The handshake at --pair:

  1. BE mints a 256-bit pollSecret locally and POSTs sha256(pollSecret) to the FE Cloud Function /api/devices/initiate-pair. The function creates a synthetic Firebase Auth user and returns { deviceId, pairCode } — an 8-char code from a confusion-resistant alphabet (digits 2-9 + uppercase A-Z minus I/L/O).
  2. The terminal prints the code + a scannable QR. You open the web app → Account → Add Device → paste the code. The FE claim Cloud Function mints a customToken scoped to this device + you (with custom claims ownerUid + deviceId) and writes it to a subdoc keyed by sha256(pollSecret). Sharers know the deviceId but not the secret hash, so the customToken is unreadable to them.
  3. BE polls that subdoc (anonymous Firestore REST — allow get: if true on the keyed path), exchanges the customToken for a refresh+ID token pair via Firebase REST, saves the refresh token to the OS keystore.

From then on, every BE Firestore write goes through that refresh token

  • google-cloud-firestore. The refresh token rotates each refresh cycle (~1h) and the keystore rotation slot guarantees a clean swap under parallel-process contention.

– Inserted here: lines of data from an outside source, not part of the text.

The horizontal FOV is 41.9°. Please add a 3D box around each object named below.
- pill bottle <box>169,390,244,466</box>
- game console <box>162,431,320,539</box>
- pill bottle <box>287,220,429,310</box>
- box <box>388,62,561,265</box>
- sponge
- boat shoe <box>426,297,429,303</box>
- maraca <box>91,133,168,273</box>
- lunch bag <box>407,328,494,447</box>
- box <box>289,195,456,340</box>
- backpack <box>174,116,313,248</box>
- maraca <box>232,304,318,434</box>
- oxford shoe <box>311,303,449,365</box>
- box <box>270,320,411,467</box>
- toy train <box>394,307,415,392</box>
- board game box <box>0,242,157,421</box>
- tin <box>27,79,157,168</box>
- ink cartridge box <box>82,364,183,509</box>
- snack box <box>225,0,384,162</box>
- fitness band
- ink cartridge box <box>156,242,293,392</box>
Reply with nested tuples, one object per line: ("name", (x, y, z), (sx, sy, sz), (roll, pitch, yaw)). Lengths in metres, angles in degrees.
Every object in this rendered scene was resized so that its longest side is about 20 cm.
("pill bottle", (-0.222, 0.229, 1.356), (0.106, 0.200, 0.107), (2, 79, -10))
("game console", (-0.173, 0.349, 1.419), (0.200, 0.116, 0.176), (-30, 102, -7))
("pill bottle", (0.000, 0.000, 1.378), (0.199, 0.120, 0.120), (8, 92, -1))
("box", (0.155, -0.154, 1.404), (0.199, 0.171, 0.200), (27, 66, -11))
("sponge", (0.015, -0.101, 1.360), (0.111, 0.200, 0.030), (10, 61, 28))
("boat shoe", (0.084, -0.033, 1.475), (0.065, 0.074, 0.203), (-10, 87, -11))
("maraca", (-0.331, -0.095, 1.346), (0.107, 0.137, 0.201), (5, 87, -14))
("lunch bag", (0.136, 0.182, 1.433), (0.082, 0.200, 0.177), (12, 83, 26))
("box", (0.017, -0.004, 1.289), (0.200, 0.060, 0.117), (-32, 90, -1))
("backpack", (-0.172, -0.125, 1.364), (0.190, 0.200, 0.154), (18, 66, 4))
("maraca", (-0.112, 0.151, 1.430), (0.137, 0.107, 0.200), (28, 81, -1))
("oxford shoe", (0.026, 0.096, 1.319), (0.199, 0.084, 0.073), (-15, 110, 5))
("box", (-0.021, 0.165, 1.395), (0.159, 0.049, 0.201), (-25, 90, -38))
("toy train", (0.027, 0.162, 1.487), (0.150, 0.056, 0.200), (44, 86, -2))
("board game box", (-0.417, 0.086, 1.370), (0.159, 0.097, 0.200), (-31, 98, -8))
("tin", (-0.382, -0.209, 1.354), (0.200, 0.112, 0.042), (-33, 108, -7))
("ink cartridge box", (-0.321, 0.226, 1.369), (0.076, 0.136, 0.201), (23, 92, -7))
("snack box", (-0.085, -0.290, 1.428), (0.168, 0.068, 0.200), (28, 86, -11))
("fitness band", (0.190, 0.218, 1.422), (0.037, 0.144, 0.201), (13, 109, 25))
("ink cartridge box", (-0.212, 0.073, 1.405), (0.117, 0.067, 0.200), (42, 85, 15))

Shared devices. Same 8-char code drives sharing — a second account pastes the same code into Account → Add Device and the claim function appends their uid to sharedWith[]. They can submit research that runs on your PC but can't read your other data; per-device Firestore rules enforce the boundary via the BE's custom claim.

Reset Pair Code. Settings → Manage devices → Reset rotates the code, revokes the BE's refresh token, clears sharedWith=[], and emails you the new code with a 15-min TTL. The BE's recovery watcher notices the revoke, polls the same pending subdoc, picks up the new customToken once you enter the new code in the FE, and exits cleanly so the supervisor respawns with a fresh keystore + listener subscriptions. No --pair on the PC needed — the device is back online within ~5s of you entering the new code. Miss the 15-min window and you'll need to re-run --pair for a fresh device record.

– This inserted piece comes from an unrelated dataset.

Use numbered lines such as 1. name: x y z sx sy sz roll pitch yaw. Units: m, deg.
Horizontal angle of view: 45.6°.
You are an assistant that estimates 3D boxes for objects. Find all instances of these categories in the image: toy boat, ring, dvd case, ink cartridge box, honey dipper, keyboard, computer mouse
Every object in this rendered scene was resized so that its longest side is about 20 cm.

What Reset does to in-flight runs (multi-worker safe): the FE route writes a hard_reset command to devices/{id}/commands/ before revoking refresh tokens. Every worker subscribes to that subcollection (research.py:27452) so all N workers process the command independently — each touches .stop on its own active run dir, flips its own active research doc to cancelled, and schedules os._exit(0) so the daemon-loop respawns it clean. No zombie runs. The route polls up to 5s for the BE to ack (delete the command) before proceeding to revoke; if the BE is already wedged the 30s stale-gate at research.py:2253 ensures a respawned BE won't re-fire it.

What Reset does to queued runs: the FE route stamps expireAt: now+15min + cancelledReason: "device_pair_expired" on every user-tree research doc that points at this device (owner + every sharer + every previously-revoked sharer, in queued / ongoing / running / paused / paused_pending_repair state) plus every devices/{id}/queue/* subdoc. Firestore TTL (configured via firestore.indexes.json fieldOverrides) auto-deletes them at the 15-min mark — sharer's research page clears the orphans automatically via the existing real-time listener. The sharer sees no Cancelled card to dismiss; rows just disappear.

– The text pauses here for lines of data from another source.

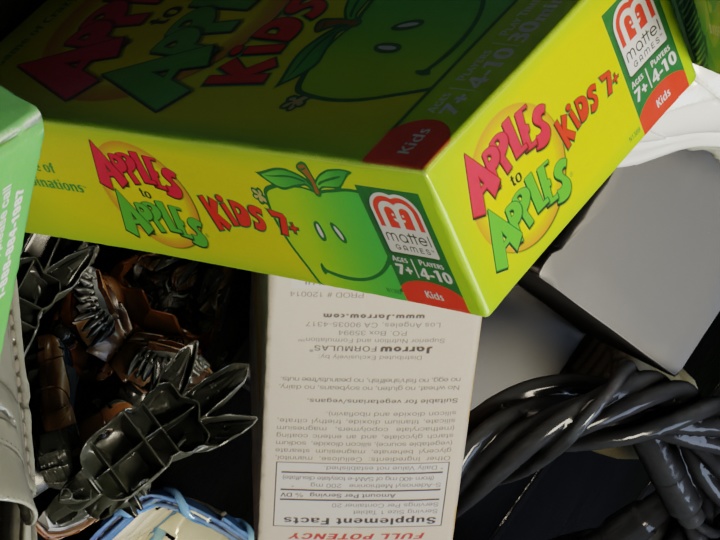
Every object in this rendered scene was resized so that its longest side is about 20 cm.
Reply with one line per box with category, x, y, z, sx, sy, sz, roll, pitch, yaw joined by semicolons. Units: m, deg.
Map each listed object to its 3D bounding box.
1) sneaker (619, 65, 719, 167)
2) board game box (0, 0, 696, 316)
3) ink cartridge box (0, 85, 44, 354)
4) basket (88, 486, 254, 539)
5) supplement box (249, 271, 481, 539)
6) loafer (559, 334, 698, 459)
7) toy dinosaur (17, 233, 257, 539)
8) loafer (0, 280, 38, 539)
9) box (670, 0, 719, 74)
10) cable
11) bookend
sneaker;0.130;-0.082;0.862;0.199;0.078;0.099;10;146;-36
board game box;-0.018;-0.050;0.701;0.102;0.199;0.048;-47;128;-30
ink cartridge box;-0.167;0.043;0.529;0.200;0.084;0.147;-39;155;-47
basket;-0.063;0.179;1.032;0.139;0.176;0.200;-52;175;2
supplement box;0.000;0.000;0.860;0.201;0.073;0.127;95;-6;-48
loafer;0.089;0.038;1.127;0.076;0.068;0.200;-52;-153;7
toy dinosaur;-0.099;0.055;0.860;0.136;0.102;0.201;128;-18;-63
loafer;-0.116;0.058;0.698;0.070;0.070;0.201;6;80;-43
box;0.089;-0.155;0.671;0.144;0.036;0.201;-101;180;-82
cable;0.083;0.097;1.002;0.162;0.051;0.200;-2;150;-15
bookend;0.060;0.003;1.025;0.201;0.092;0.199;-56;-157;-2

If you re-pair within 15 min: the claim route's awaiting-re-pair branch reads the snapshotted preResetUids field from the device doc, clears the expireAt + cancelledReason fields across every sharer's user-tree, and clears expireAt on the queue subdocs. Queued sharer + owner runs resume seamlessly on the post-respawn BE — sharer never sees a blip beyond the brief "device offline" interval during the 15-min window.

If you don't re-pair within 15 min: device doc + all sharer research docs + all queued runs vanish from every browser at the 15-min mark. To restore, run python research.py --pair on the PC. Sharers will not regain access until you explicitly re-share with them (post-Reset sharedWith[] is empty, even if you re-pair).

Partial-failure semantics: both the cross-tree expireAt set (Reset) and the cross-tree clear (re-pair) wrap each user-tree batch in a 3-attempt retry with 250ms × attempt backoff. Persistent failures surface as [reset-pair-code] expireAt set FAILED after 3 attempts or [claim] re-pair expireAt clear FAILED after 3 attempts log lines — single-RPC blips are absorbed.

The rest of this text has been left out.